Invitrogen™ Library Efficiency™ DH5α Competent Cells

Catalog No.	Quantity
18-263-012	5 x 200 μL

Catalog No. 18-263-012 Supplier Invitrogen™ Supplier No. 18263012

Description

Includes

Library Efficiency DH5α Competent Cells: 5 vials, 200μL each (total of 1mL), pUC19 DNA (10pg/μL): 1 vial, 50μL, S.O.C. medium: 2 bottles, 6mL each

Library Efficiency DH5α Competent Cells are a versatile strain of chemically competent cells that are used in many everyday cloning applications.

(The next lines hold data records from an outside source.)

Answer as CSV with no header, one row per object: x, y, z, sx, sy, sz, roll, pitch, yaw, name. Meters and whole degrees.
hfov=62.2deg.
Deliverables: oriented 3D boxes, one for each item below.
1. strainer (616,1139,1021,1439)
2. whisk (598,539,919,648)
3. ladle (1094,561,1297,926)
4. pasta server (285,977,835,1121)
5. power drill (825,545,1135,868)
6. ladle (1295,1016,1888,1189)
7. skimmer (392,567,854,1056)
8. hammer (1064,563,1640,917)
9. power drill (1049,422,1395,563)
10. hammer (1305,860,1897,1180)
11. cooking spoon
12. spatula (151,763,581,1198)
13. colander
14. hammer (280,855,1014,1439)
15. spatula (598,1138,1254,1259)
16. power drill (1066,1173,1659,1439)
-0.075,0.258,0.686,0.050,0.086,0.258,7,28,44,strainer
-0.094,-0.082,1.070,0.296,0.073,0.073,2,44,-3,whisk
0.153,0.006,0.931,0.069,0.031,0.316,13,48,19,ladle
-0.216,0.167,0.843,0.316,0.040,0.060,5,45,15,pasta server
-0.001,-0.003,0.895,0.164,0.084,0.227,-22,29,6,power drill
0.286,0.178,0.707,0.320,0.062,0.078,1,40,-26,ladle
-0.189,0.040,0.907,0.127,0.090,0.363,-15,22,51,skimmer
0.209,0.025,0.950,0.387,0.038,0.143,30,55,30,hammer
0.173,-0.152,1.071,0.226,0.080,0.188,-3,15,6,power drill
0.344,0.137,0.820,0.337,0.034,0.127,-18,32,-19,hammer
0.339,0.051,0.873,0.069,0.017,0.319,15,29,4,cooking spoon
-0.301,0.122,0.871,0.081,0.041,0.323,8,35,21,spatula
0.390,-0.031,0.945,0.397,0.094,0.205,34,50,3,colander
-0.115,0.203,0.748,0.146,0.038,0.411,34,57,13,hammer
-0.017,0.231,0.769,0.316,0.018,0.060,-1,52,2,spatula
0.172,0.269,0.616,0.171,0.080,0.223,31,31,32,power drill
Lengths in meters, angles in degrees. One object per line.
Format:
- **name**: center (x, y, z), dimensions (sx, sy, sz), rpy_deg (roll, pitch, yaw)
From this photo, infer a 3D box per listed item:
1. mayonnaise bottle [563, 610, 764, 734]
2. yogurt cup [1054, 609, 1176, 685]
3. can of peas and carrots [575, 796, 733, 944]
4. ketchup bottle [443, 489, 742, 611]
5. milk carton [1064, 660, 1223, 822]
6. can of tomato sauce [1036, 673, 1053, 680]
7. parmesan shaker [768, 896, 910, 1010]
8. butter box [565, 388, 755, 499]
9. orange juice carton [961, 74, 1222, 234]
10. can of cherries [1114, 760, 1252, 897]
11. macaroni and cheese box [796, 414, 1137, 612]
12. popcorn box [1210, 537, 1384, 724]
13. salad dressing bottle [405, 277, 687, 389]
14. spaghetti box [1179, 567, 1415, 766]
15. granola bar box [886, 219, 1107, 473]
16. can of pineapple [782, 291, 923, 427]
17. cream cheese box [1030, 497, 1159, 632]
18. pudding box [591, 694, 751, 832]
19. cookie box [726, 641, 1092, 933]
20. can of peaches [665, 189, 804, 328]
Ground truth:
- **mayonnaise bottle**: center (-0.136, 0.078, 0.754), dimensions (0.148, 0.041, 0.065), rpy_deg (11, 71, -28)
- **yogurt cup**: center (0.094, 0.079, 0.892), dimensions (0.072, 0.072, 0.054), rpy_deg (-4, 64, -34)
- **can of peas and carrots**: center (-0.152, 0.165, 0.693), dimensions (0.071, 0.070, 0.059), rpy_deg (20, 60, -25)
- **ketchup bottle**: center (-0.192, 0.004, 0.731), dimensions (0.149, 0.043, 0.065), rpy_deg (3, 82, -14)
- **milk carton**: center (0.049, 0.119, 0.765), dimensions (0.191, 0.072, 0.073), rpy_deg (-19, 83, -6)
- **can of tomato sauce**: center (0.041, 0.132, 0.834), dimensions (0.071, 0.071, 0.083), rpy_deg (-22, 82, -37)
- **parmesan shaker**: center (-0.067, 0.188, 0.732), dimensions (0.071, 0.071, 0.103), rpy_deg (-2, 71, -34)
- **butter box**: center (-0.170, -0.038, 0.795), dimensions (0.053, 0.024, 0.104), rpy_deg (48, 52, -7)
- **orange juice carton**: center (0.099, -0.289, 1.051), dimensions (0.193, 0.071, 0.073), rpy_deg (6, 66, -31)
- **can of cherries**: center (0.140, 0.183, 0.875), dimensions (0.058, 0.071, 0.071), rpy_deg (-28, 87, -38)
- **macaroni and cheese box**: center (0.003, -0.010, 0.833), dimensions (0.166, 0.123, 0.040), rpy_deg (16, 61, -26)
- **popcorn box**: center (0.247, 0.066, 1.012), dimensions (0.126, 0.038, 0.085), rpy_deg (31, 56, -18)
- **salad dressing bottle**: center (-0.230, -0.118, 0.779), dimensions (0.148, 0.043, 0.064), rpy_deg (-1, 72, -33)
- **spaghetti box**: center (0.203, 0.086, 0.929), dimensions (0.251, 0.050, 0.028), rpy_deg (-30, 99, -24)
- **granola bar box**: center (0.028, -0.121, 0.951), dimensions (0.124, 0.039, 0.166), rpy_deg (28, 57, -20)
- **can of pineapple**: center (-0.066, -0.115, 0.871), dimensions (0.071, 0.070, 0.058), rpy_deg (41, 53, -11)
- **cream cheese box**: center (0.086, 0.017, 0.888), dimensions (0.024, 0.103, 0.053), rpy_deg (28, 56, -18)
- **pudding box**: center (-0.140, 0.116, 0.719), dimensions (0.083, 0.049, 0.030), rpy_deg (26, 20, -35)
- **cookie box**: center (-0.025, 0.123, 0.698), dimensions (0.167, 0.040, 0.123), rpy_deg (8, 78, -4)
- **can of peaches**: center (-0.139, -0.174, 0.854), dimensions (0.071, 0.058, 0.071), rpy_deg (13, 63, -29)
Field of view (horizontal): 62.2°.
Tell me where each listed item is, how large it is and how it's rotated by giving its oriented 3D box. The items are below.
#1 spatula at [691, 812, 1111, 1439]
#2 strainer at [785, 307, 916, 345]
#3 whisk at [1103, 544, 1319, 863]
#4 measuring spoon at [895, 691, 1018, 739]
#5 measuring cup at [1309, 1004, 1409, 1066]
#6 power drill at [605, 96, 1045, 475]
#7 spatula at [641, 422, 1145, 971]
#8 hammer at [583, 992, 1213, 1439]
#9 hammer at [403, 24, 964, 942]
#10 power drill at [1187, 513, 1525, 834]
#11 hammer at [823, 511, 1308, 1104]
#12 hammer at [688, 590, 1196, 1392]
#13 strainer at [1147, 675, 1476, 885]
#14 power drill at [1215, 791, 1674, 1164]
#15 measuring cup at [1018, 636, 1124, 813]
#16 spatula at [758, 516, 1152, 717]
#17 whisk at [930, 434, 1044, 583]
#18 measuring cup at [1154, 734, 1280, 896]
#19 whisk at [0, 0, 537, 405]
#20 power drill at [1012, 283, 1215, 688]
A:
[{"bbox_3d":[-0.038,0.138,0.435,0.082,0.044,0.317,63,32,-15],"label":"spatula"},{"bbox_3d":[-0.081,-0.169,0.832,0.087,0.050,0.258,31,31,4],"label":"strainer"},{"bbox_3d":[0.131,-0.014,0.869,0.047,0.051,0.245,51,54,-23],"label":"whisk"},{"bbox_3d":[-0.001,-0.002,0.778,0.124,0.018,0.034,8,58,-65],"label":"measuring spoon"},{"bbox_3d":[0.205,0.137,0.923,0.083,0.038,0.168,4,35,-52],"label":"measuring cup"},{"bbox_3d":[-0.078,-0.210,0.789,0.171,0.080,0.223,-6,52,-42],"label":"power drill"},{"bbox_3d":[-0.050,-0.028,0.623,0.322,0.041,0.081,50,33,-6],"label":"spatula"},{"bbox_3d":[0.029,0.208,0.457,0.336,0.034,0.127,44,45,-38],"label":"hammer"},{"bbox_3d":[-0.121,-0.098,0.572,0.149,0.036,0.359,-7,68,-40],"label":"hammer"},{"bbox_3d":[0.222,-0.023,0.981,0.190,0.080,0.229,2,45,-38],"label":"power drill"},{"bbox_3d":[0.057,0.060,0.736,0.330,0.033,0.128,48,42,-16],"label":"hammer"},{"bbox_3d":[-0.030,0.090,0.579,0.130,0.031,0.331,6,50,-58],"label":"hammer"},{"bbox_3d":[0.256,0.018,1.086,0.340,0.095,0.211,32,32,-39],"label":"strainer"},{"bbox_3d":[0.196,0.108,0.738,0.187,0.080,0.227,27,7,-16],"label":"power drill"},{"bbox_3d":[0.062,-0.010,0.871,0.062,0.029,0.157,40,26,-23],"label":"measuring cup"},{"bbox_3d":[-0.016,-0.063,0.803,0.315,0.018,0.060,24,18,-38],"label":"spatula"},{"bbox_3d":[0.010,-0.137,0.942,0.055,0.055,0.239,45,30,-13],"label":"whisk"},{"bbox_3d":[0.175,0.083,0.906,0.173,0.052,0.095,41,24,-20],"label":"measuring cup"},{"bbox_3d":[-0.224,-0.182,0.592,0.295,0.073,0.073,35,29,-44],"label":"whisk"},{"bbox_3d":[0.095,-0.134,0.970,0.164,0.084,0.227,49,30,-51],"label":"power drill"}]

Library Efficiency DH5α Competent Cells are a versatile strain of chemically competent cells that are used in many everyday cloning applications. Prepared by a proprietary modification of the Hanahan method, these cells are able to achieve transformation efficiencies of >1 x 10⁸ cfu/μg control DNA per 100 μL reaction.  
 
Library Efficiency DH5α Competent Cells are recommended for routine cloning of genes into large plasmids and are suitable for difficult clone constructions, such as blunt-end ligations or cloning using limited amount of DNA.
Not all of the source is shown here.